[Study material Boundary: Start]

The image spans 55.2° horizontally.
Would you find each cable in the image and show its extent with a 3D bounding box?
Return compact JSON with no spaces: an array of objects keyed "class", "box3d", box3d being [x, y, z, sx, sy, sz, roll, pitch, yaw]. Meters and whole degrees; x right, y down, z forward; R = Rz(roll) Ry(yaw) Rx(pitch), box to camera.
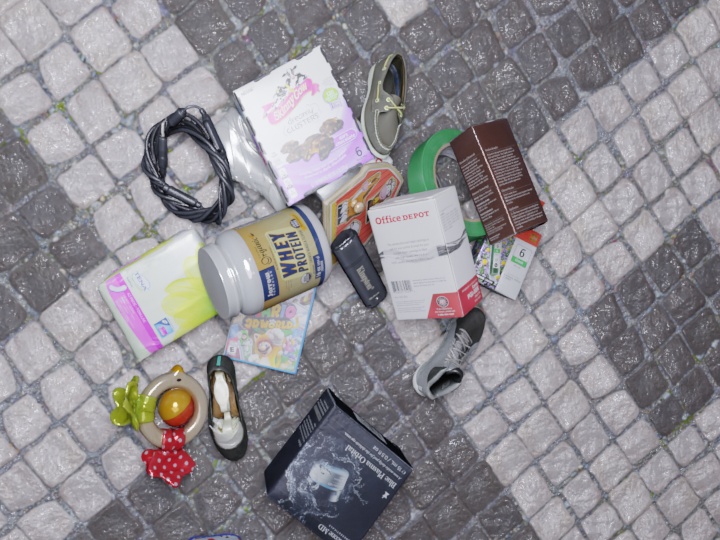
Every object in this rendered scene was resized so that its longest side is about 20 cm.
[{"class":"cable","box3d":[-0.294,-0.166,1.177,0.160,0.051,0.205,-22,97,19]}]

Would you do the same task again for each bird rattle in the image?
[{"class":"bird rattle","box3d":[-0.336,0.262,1.204,0.162,0.112,0.202,-41,104,-23]}]

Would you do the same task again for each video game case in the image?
[{"class":"video game case","box3d":[-0.161,0.075,1.263,0.139,0.018,0.206,14,91,-11]}]

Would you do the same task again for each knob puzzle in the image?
[{"class":"knob puzzle","box3d":[0.014,-0.105,1.211,0.030,0.220,0.221,36,85,24]}]

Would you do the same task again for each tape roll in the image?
[{"class":"tape roll","box3d":[0.176,-0.153,1.254,0.196,0.048,0.207,12,69,-31]}]

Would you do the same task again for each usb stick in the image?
[{"class":"usb stick","box3d":[0.000,0.000,1.224,0.055,0.032,0.201,-43,142,-11]}]

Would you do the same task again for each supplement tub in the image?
[{"class":"supplement tub","box3d":[-0.160,-0.013,1.156,0.196,0.143,0.148,-24,99,-27]}]

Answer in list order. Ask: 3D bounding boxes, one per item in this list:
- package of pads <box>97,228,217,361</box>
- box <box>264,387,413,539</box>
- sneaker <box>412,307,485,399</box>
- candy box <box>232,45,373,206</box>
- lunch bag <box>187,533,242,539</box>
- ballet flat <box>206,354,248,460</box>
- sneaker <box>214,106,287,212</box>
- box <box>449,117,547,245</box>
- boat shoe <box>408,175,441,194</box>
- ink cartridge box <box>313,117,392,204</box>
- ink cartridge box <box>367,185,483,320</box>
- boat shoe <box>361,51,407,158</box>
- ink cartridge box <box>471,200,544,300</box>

[Study material Boundary: End]

When a line in the listing above holds the word "shoe", copy it.

◆ **Problem solution**
- boat shoe <box>408,175,441,194</box>
- boat shoe <box>361,51,407,158</box>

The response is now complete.